• What the task requires: Set down exactly, from the records below, the line with "HFOV = 60.0 degrees." through the line with "Could you mark", and nothing else.

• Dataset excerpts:

+ + +

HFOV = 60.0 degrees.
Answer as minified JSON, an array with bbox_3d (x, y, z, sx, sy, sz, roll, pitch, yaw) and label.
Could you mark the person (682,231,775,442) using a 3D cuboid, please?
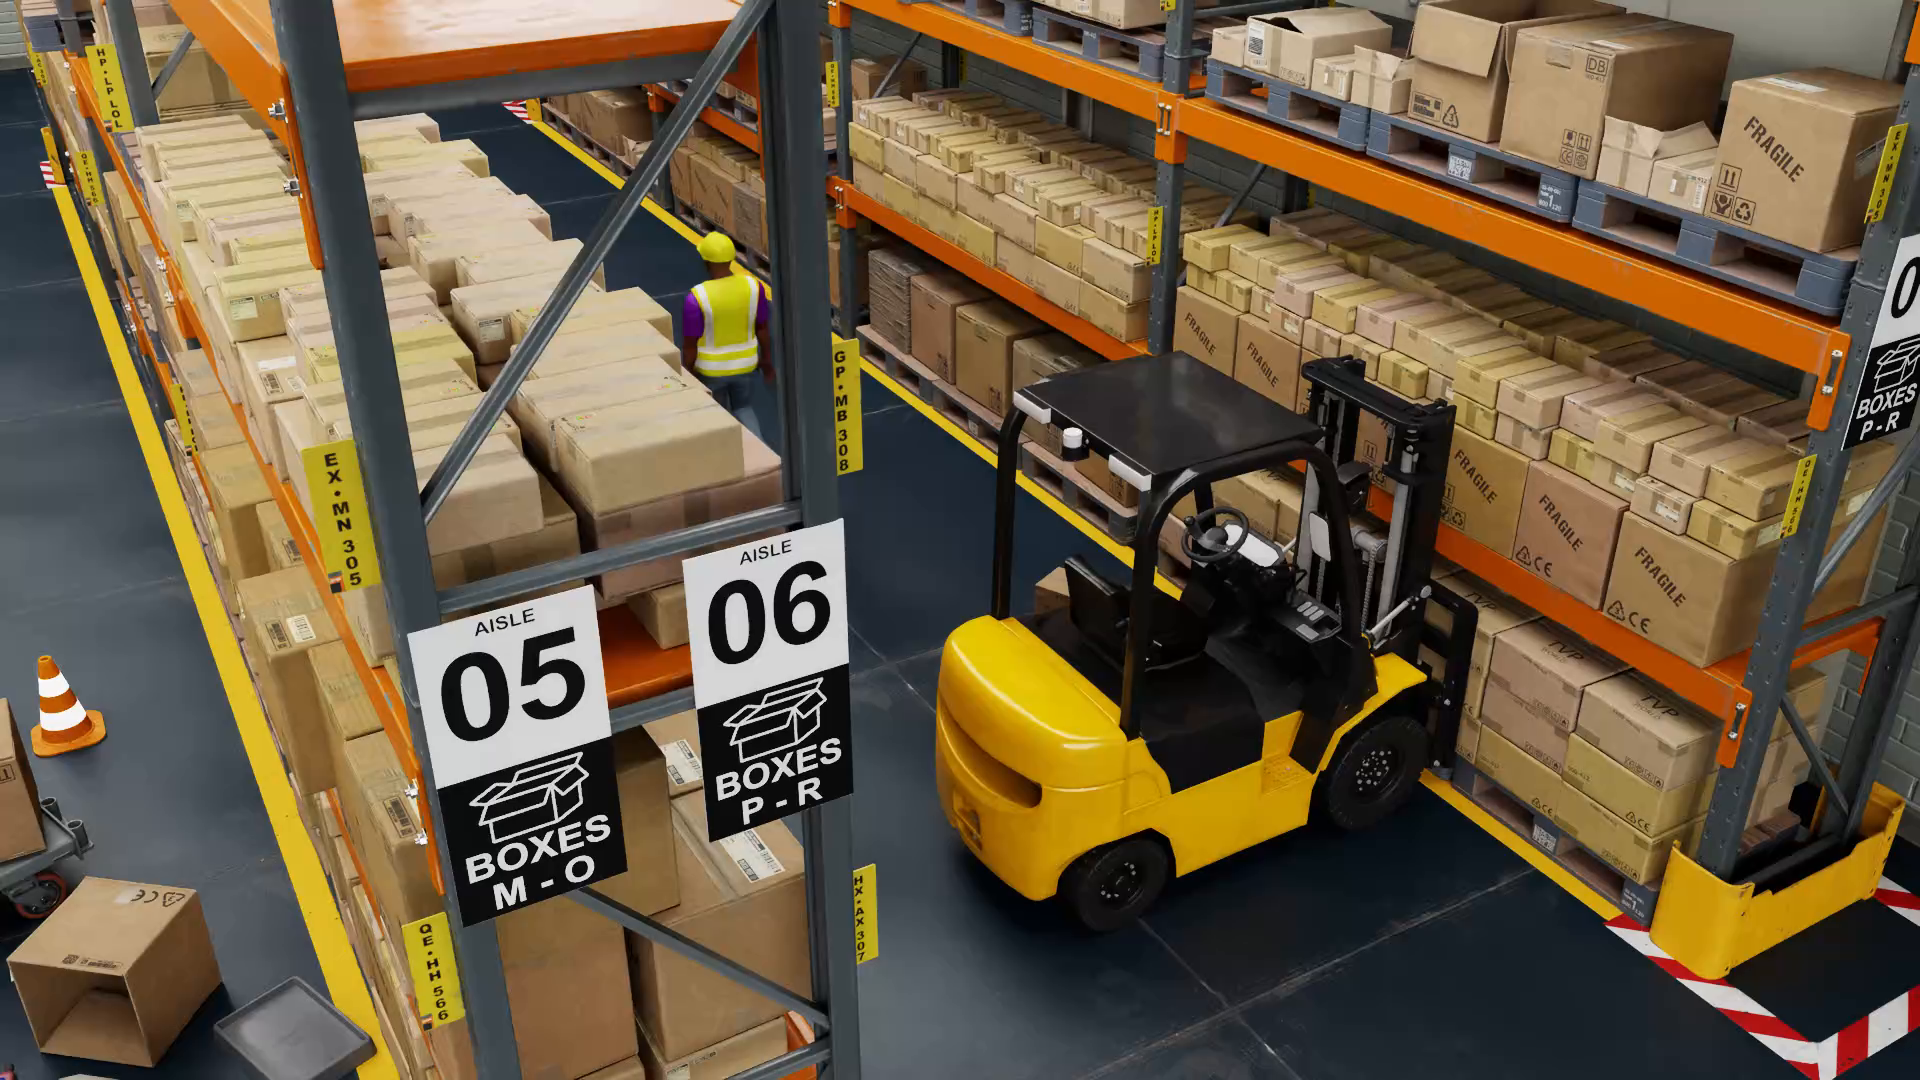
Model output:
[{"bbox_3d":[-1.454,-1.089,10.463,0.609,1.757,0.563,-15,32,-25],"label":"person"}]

+ + +

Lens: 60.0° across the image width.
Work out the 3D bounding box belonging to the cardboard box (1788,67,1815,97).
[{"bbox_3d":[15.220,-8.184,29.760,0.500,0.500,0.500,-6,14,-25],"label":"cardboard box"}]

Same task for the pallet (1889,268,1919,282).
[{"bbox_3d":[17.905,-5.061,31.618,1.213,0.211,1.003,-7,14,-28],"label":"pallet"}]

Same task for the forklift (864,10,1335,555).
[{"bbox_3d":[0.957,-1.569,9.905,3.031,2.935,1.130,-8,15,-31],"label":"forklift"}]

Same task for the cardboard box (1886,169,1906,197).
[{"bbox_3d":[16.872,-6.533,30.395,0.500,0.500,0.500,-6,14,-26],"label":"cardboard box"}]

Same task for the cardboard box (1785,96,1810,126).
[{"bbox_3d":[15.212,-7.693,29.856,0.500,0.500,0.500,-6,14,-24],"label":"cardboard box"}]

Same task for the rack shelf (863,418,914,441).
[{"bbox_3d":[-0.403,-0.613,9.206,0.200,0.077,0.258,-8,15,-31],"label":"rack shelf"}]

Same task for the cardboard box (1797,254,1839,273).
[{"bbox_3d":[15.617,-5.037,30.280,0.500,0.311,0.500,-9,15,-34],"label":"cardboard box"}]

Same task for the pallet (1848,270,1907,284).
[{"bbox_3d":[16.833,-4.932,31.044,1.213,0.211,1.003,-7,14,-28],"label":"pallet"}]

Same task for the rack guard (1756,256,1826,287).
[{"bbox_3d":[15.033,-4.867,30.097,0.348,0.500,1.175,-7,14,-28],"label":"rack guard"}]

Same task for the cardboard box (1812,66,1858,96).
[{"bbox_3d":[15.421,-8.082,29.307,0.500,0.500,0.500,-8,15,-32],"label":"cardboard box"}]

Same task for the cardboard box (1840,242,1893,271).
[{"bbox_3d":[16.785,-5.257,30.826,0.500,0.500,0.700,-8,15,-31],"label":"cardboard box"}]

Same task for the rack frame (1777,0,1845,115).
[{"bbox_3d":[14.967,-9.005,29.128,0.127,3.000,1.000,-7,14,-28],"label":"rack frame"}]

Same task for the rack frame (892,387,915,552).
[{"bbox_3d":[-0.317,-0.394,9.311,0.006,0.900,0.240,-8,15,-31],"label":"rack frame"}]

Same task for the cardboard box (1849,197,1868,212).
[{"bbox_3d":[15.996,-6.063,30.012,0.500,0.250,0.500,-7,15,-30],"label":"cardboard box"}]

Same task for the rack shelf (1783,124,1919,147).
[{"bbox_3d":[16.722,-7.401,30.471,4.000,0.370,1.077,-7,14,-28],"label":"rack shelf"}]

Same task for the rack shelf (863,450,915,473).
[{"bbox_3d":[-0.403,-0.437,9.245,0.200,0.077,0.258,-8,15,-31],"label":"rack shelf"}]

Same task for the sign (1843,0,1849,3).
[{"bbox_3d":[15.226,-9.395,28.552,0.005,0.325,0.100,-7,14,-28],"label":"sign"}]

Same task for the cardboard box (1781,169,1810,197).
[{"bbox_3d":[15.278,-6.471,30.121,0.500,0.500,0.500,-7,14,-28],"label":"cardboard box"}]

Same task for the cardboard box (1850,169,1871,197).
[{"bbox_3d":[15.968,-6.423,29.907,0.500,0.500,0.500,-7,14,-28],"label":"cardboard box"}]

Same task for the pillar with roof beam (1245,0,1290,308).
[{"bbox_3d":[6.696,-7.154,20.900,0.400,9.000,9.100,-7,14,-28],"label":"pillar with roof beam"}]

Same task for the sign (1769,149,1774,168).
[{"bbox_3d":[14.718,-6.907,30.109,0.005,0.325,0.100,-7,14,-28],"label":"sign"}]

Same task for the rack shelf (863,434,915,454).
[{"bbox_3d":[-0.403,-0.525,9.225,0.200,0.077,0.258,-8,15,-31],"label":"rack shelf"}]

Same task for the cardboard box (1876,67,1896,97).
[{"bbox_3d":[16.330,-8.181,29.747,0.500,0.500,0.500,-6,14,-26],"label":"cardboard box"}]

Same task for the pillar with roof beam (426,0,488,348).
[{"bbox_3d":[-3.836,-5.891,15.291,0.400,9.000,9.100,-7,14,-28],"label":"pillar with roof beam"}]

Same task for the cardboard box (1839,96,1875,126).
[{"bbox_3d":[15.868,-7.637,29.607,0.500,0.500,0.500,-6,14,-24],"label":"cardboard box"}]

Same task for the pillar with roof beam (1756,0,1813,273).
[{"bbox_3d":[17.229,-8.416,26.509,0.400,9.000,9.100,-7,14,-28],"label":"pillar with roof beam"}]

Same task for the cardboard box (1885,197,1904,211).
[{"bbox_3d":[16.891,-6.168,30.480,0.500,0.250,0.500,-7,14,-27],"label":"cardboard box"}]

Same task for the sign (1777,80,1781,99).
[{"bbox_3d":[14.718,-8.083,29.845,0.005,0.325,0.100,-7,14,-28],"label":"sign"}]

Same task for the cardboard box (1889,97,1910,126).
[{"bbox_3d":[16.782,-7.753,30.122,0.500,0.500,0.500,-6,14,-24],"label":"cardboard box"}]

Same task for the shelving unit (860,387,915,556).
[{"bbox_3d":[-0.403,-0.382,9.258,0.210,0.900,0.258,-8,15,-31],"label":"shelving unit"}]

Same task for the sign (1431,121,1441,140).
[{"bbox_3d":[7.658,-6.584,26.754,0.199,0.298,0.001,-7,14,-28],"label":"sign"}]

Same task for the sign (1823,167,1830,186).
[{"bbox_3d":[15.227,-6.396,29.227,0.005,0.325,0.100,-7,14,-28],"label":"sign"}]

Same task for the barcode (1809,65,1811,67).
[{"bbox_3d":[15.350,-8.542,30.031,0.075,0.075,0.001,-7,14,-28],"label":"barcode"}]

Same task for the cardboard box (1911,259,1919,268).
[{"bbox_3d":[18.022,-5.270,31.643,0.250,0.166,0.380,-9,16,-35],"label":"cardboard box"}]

+ + +

• Result of the exercise:
HFOV = 60.0 degrees.
Answer as minified JSON, an array with bbox_3d (x, y, z, sx, sy, sz, roll, pitch, yaw) and label.
Could you mark the person (682,231,775,442) using a 3D cuboid, please?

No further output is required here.